# NE river salmon, 10-8-06



## ausable_steelhead (Sep 30, 2002)

Fished the NE again this weekend. I fished the big river at the dam for a couple hours Saturday afternoon, on our way north. I landed a small steelhead, and lost a nice male king on a mini-mauler. The buck was bedded with a hen, so I ran a spinner by him, which he ignored, the first cast with the plug got him chasing, then he stopped for a bit. I kept working him until my bait forced him and his hen off their bed into the hole behind them, which is where he crunched it. The river had a nice flow, and was cold to the touch, it was at 59 degrees. There were alot of snaggers, and they ripped a few fish, I saw no DNR. We arrrived at our main destination around 6:30-7pm. We hit fish immediatley. My first fish came on a glow wobble-glo, funny thing is, she's a chuck-full white-tail.

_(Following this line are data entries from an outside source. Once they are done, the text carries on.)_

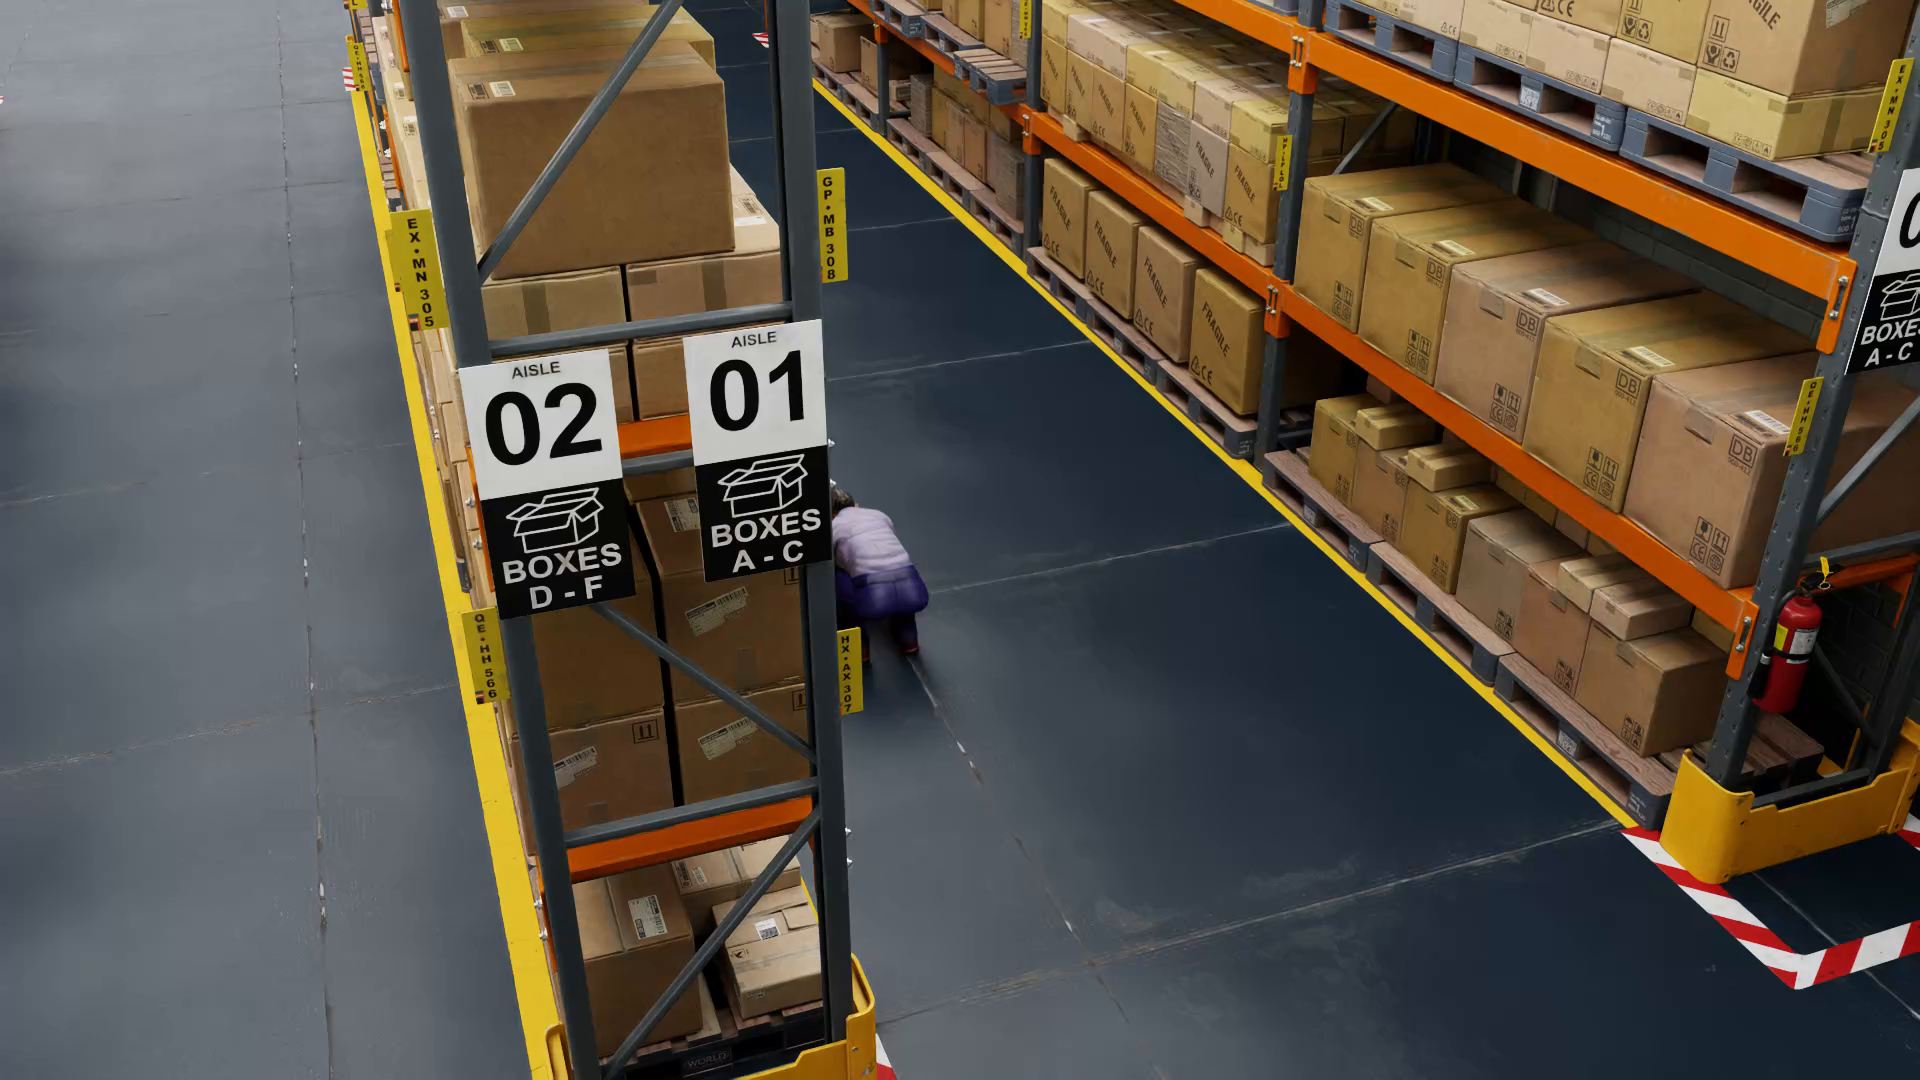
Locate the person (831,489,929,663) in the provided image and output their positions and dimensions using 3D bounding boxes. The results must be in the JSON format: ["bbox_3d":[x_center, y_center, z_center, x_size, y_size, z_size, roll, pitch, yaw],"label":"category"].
[{"bbox_3d":[-0.498,0.211,8.949,0.517,0.785,0.866,-11,32,-19],"label":"person"}]
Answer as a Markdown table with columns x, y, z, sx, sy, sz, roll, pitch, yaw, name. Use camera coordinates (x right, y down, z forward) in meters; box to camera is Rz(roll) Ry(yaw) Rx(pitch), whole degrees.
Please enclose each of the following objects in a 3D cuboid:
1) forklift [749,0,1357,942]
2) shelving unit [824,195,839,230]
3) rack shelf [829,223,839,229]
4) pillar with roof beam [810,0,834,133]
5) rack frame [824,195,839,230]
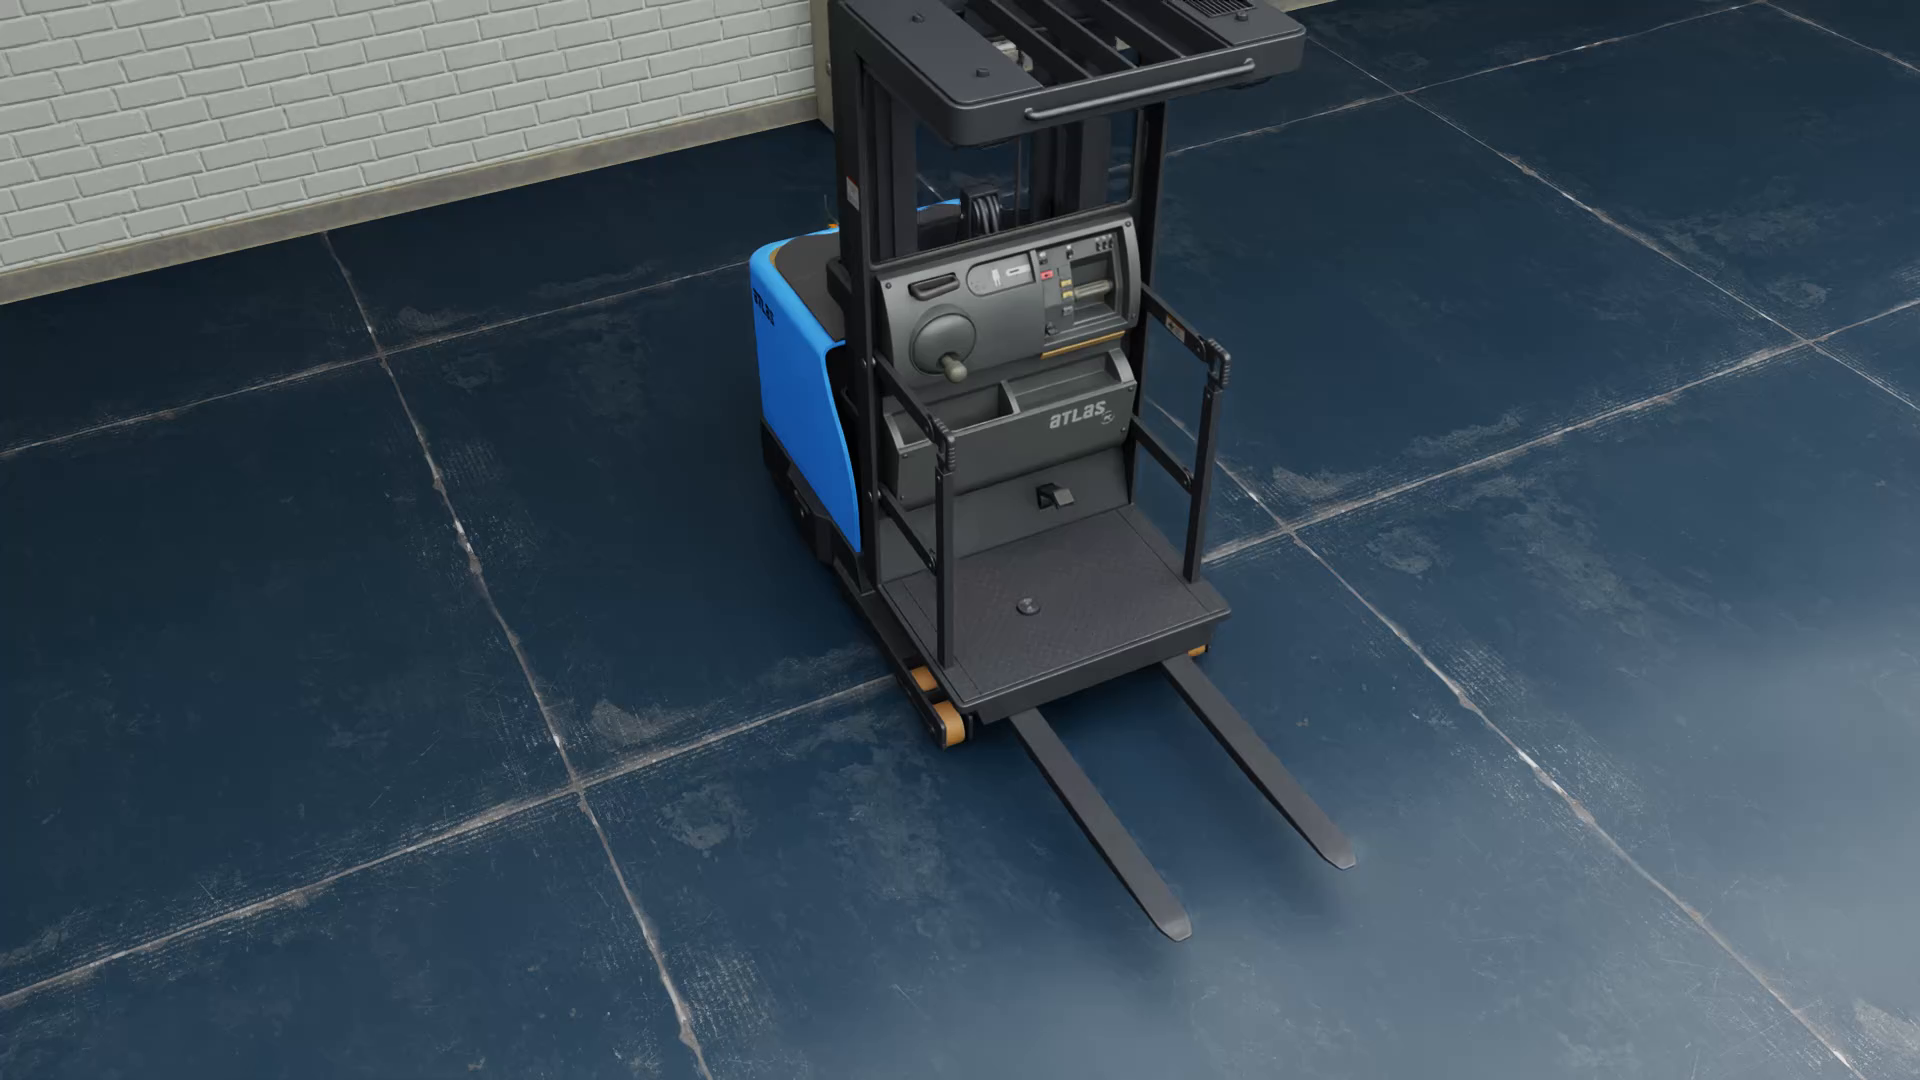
| x | y | z | sx | sy | sz | roll | pitch | yaw | name |
| --- | --- | --- | --- | --- | --- | --- | --- | --- | --- |
| 0.275 | -0.716 | 5.327 | 1.130 | 2.935 | 3.031 | -18 | 43 | -20 | forklift |
| -0.393 | -0.980 | 7.090 | 0.252 | 1.050 | 0.215 | -18 | 42 | -20 | shelving unit |
| -0.397 | -1.193 | 6.919 | 0.240 | 0.259 | 0.215 | -18 | 42 | -20 | rack shelf |
| 1.401 | -3.404 | 3.806 | 0.400 | 9.000 | 9.100 | -19 | 44 | -21 | pillar with roof beam |
| -0.502 | -0.945 | 7.049 | 0.008 | 1.050 | 0.200 | -18 | 42 | -20 | rack frame |

Here's a nice male, look at those jaws man!









There were alot of fish this size and up.









We mainly tight-lined and drifted wobble-glos. I ran some spawn in the morning, and nothing on that. This river was up also, and made the salmon alot more challenging than normal. Once again, I saw no DNR, but the rippers were not bad, not that it means it's okay. So the runs are starting to get underway up in the NE rivers, lots of nice, clean fish, and some nice size ones as well. I seen quite a few moldies, something I seen zero of last week. This quickly-cooling water, and the rise in water, have made for some quick layers.


----------



## alexsalmon (Feb 16, 2006)

Nice pics! 

How do you fish the wobble glows?
Thanks!


----------



## wackoangler (Jun 1, 2003)

Nice fish, I can't wait to get back there! There aren't many Kings over in this neck of the woods.


----------



## stelmon (Sep 21, 2000)

Hey Jon,
Nice report, man! I was thinking fishing this weekend but scouting took over. I'll be on the NW river friday night and saturday but probably scouting more deer sunday. The sunday after that i'll probably wanna do some fishing. Maybe tippy, i dunno. I am getting the urge to steelhead fish whether there in or not, lol


----------



## bluekim7 (Mar 24, 2005)

Good job, you caught more than I did on the NE side this weekend.


----------



## GONE FISHIN(LARRY) (Dec 28, 2002)

you the the man Jon ,

I'll be up that way next weekend , not sure how much fishing I'll able to get in , I'm sure I'll wet a line sometime in the coarse of the weekend , I'll be stayin at my folks place Harrisville I'm sure I'll at least go down and fool around in the harbour for a while .


Larry


----------



## RiverRanger (Aug 23, 2006)

Very nice job AS, maybe some day I will give that fall fishing a try but that darn duck hunting always seems to get in the way.


----------



## outdoorone (Sep 12, 2006)

We tried the Au Sable Saturday only landed one fish. There were quite a few fish at the dam but it appeared the snaggers were the only ones having much luck. Didn't matter what we tossed at them they were not interested, tried spinners, spawn, and thundersticks.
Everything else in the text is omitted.